» REQUIRED WORK
Every line of the listing below must be printed again exactly, apart from its pictures.

» DATA SHOWN
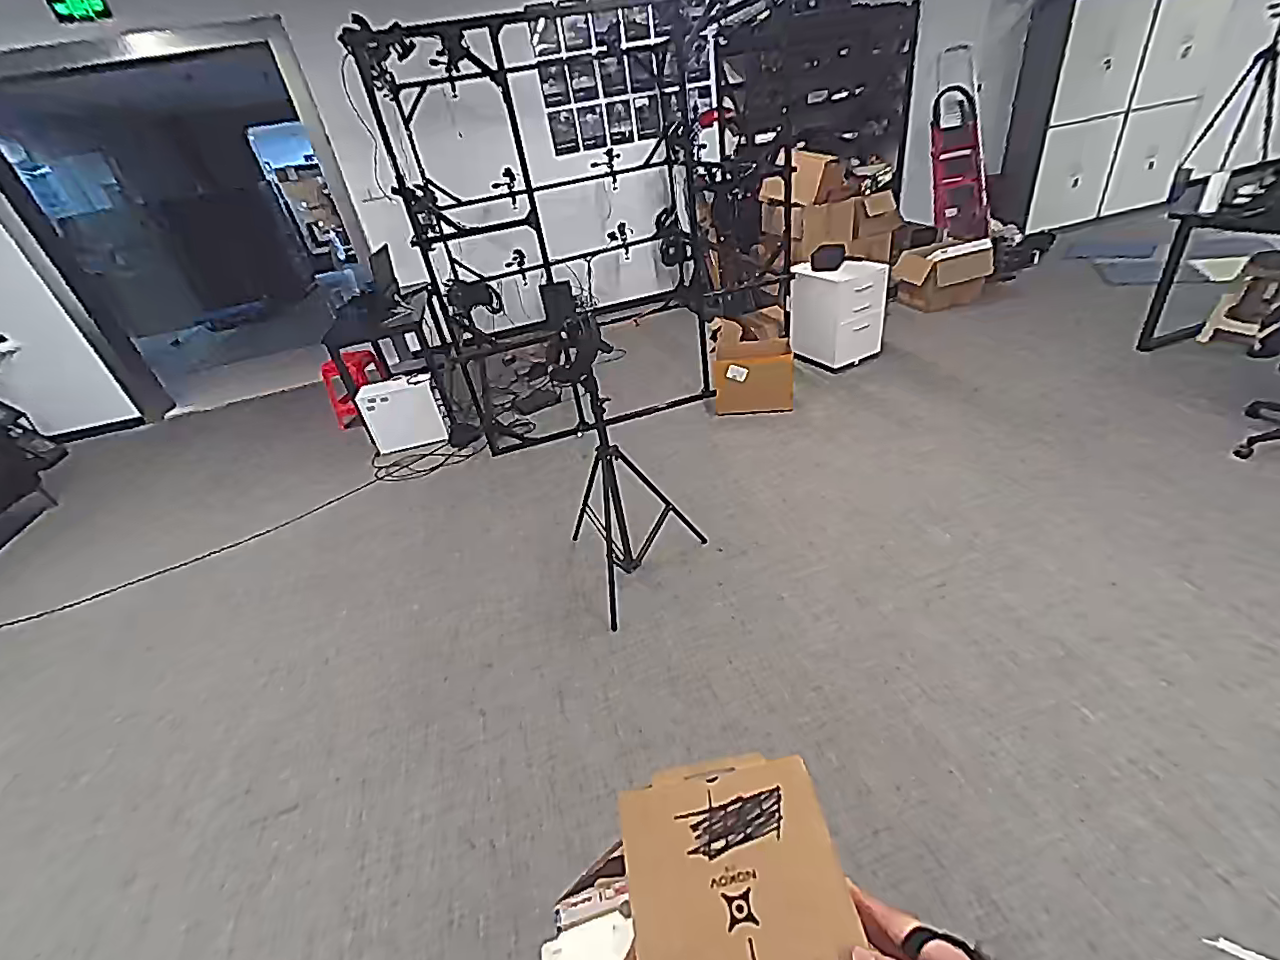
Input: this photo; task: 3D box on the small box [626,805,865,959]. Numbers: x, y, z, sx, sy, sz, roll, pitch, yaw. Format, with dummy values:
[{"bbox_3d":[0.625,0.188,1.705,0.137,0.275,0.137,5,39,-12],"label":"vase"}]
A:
[{"bbox_3d":[0.086,0.403,0.446,0.168,0.176,0.179,-10,43,-2],"label":"small box"}]

» OUTPUT FOR THIS EXERCISE
Input: this photo; task: 3D box on the small box [626,805,865,959]. Numbers: x, y, z, sx, sy, sz, roll, pitch, yaw. Format, with dummy values:
[{"bbox_3d":[0.625,0.188,1.705,0.137,0.275,0.137,5,39,-12],"label":"vase"}]
A:
[{"bbox_3d":[0.086,0.403,0.446,0.168,0.176,0.179,-10,43,-2],"label":"small box"}]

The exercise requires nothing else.